Branch names are constrained to point only to commit objects. Tag names can point directly to a commit object. Such a tag is called a lightweight tag. Or, the tag name might point to an annotated tag object. That object itself points to some other (arbitrary) object, though it's pretty typical for the tag name to point to a commit. A tag name that points to an annotated tag object is an annotated tag.

The object database forms a Directed Acyclic Graph

Commits contain, i.e., point to, other commit hash IDs. No object can be changed once it is made, and the hash ID of any object cannot be predicted.¹ So a new commit only ever points back to existing commits. Each commit is also given a unique hash ID (i.e., no commit ever occurs more than once). This means that the commit graph itself, generally grown one commit at a time, never has any cycles: all the commit arrows "point backwards" to previous commits.

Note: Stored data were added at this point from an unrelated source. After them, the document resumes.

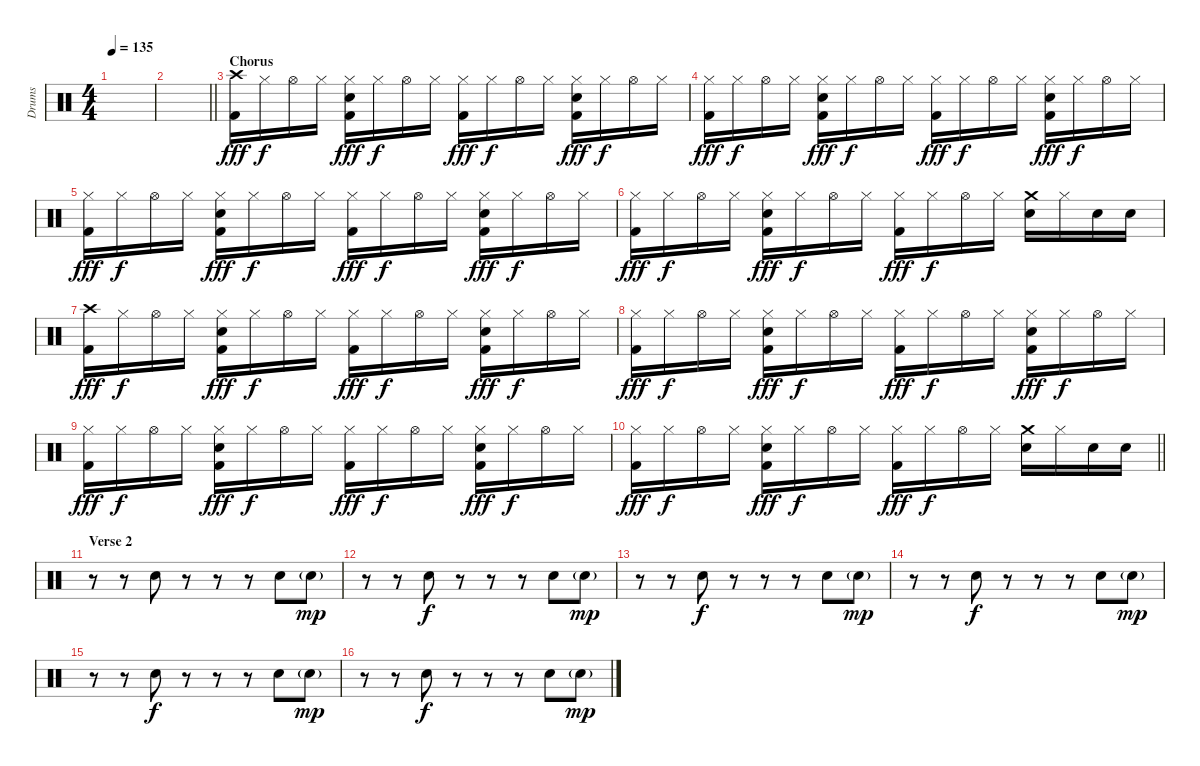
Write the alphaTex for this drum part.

\track ("Drums" "Drums") {instrument percussion}
\staff {score}
\articulation defaults
\ts (4 4)
\tempo 135
\clef neutral
\ks c
|
\barLineRight lightlight
|
\section ("" "Chorus")
("Kick (hit) 2" "Crash high (hit)").16{dy fff} "Hi-Hat (closed)".16{dy f} "Hi-Hat (open)".16 "Hi-Hat (closed)".16 ("Kick (hit) 2" "Snare (hit) 2" "Hi-Hat (closed)").16{dy fff} "Hi-Hat (closed)".16{dy f} "Hi-Hat (open)".16 "Hi-Hat (closed)".16 ("Kick (hit) 2" "Hi-Hat (closed)").16{dy fff} "Hi-Hat (closed)".16{dy f} "Hi-Hat (open)".16 "Hi-Hat (closed)".16 ("Kick (hit) 2" "Snare (hit) 2" "Hi-Hat (closed)").16{dy fff} "Hi-Hat (closed)".16{dy f} "Hi-Hat (open)".16 "Hi-Hat (closed)".16 |
("Kick (hit) 2" "Hi-Hat (closed)").16{dy fff} "Hi-Hat (closed)".16{dy f} "Hi-Hat (open)".16 "Hi-Hat (closed)".16 ("Kick (hit) 2" "Snare (hit) 2" "Hi-Hat (closed)").16{dy fff} "Hi-Hat (closed)".16{dy f} "Hi-Hat (open)".16 "Hi-Hat (closed)".16 ("Kick (hit) 2" "Hi-Hat (closed)").16{dy fff} "Hi-Hat (closed)".16{dy f} "Hi-Hat (open)".16 "Hi-Hat (closed)".16 ("Kick (hit) 2" "Snare (hit) 2" "Hi-Hat (closed)").16{dy fff} "Hi-Hat (closed)".16{dy f} "Hi-Hat (open)".16 "Hi-Hat (closed)".16 |
("Kick (hit) 2" "Hi-Hat (closed)").16{dy fff} "Hi-Hat (closed)".16{dy f} "Hi-Hat (open)".16 "Hi-Hat (closed)".16 ("Kick (hit) 2" "Snare (hit) 2" "Hi-Hat (closed)").16{dy fff} "Hi-Hat (closed)".16{dy f} "Hi-Hat (open)".16 "Hi-Hat (closed)".16 ("Kick (hit) 2" "Hi-Hat (closed)").16{dy fff} "Hi-Hat (closed)".16{dy f} "Hi-Hat (open)".16 "Hi-Hat (closed)".16 ("Kick (hit) 2" "Snare (hit) 2" "Hi-Hat (closed)").16{dy fff} "Hi-Hat (closed)".16{dy f} "Hi-Hat (open)".16 "Hi-Hat (closed)".16 |
("Kick (hit) 2" "Hi-Hat (closed)").16{dy fff} "Hi-Hat (closed)".16{dy f} "Hi-Hat (open)".16 "Hi-Hat (closed)".16 ("Kick (hit) 2" "Snare (hit) 2" "Hi-Hat (closed)").16{dy fff} "Hi-Hat (closed)".16{dy f} "Hi-Hat (open)".16 "Hi-Hat (closed)".16 ("Kick (hit) 2" "Hi-Hat (closed)").16{dy fff} "Hi-Hat (closed)".16{dy f} "Hi-Hat (open)".16 "Hi-Hat (closed)".16 ("Snare (hit) 2" "Crash medium (hit)").16 "Hi-Hat (closed)".16 "Snare (hit) 2".16 "Snare (hit) 2".16 |
("Kick (hit) 2" "Crash high (hit)").16{dy fff} "Hi-Hat (closed)".16{dy f} "Hi-Hat (open)".16 "Hi-Hat (closed)".16 ("Kick (hit) 2" "Snare (hit) 2" "Hi-Hat (closed)").16{dy fff} "Hi-Hat (closed)".16{dy f} "Hi-Hat (open)".16 "Hi-Hat (closed)".16 ("Kick (hit) 2" "Hi-Hat (closed)").16{dy fff} "Hi-Hat (closed)".16{dy f} "Hi-Hat (open)".16 "Hi-Hat (closed)".16 ("Kick (hit) 2" "Snare (hit) 2" "Hi-Hat (closed)").16{dy fff} "Hi-Hat (closed)".16{dy f} "Hi-Hat (open)".16 "Hi-Hat (closed)".16 |
("Kick (hit) 2" "Hi-Hat (closed)").16{dy fff} "Hi-Hat (closed)".16{dy f} "Hi-Hat (open)".16 "Hi-Hat (closed)".16 ("Kick (hit) 2" "Snare (hit) 2" "Hi-Hat (closed)").16{dy fff} "Hi-Hat (closed)".16{dy f} "Hi-Hat (open)".16 "Hi-Hat (closed)".16 ("Kick (hit) 2" "Hi-Hat (closed)").16{dy fff} "Hi-Hat (closed)".16{dy f} "Hi-Hat (open)".16 "Hi-Hat (closed)".16 ("Kick (hit) 2" "Snare (hit) 2" "Hi-Hat (closed)").16{dy fff} "Hi-Hat (closed)".16{dy f} "Hi-Hat (open)".16 "Hi-Hat (closed)".16 |
("Kick (hit) 2" "Hi-Hat (closed)").16{dy fff} "Hi-Hat (closed)".16{dy f} "Hi-Hat (open)".16 "Hi-Hat (closed)".16 ("Kick (hit) 2" "Snare (hit) 2" "Hi-Hat (closed)").16{dy fff} "Hi-Hat (closed)".16{dy f} "Hi-Hat (open)".16 "Hi-Hat (closed)".16 ("Kick (hit) 2" "Hi-Hat (closed)").16{dy fff} "Hi-Hat (closed)".16{dy f} "Hi-Hat (open)".16 "Hi-Hat (closed)".16 ("Kick (hit) 2" "Snare (hit) 2" "Hi-Hat (closed)").16{dy fff} "Hi-Hat (closed)".16{dy f} "Hi-Hat (open)".16 "Hi-Hat (closed)".16 |
\barLineRight lightlight
("Kick (hit) 2" "Hi-Hat (closed)").16{dy fff} "Hi-Hat (closed)".16{dy f} "Hi-Hat (open)".16 "Hi-Hat (closed)".16 ("Kick (hit) 2" "Snare (hit) 2" "Hi-Hat (closed)").16{dy fff} "Hi-Hat (closed)".16{dy f} "Hi-Hat (open)".16 "Hi-Hat (closed)".16 ("Kick (hit) 2" "Hi-Hat (closed)").16{dy fff} "Hi-Hat (closed)".16{dy f} "Hi-Hat (open)".16 "Hi-Hat (closed)".16 ("Snare (hit) 2" "Crash medium (hit)").16 "Hi-Hat (closed)".16 "Snare (hit) 2".16 "Snare (hit) 2".16 |
\section ("" "Verse 2")
r.8 r.8 "Hand Clap (hit)".8 r.8 r.8 r.8 "Hand Clap (hit)".8 "Hand Clap (hit)"{g}.8{dy mp} |
r.8 r.8 "Hand Clap (hit)".8{dy f} r.8 r.8 r.8 "Hand Clap (hit)".8 "Hand Clap (hit)"{g}.8{dy mp} |
r.8 r.8 "Hand Clap (hit)".8{dy f} r.8 r.8 r.8 "Hand Clap (hit)".8 "Hand Clap (hit)"{g}.8{dy mp} |
r.8 r.8 "Hand Clap (hit)".8{dy f} r.8 r.8 r.8 "Hand Clap (hit)".8 "Hand Clap (hit)"{g}.8{dy mp} |
r.8 r.8 "Hand Clap (hit)".8{dy f} r.8 r.8 r.8 "Hand Clap (hit)".8 "Hand Clap (hit)"{g}.8{dy mp} |
r.8 r.8 "Hand Clap (hit)".8{dy f} r.8 r.8 r.8 "Hand Clap (hit)".8 "Hand Clap (hit)"{g}.8{dy mp}

Commits also contain tree hash IDs, and trees contain further tree hash IDs along with blob hash IDs. These, too, are directed and acyclic, though tree hash IDs need not be unique (two different commits can share the same snapshot, for instance).

Annotated tag objects can contain the ID of any other object, but like commits, annotated tag objects have unique hash IDs and are only allowed to point to existing objects. So these likewise do not add cycles to the graph.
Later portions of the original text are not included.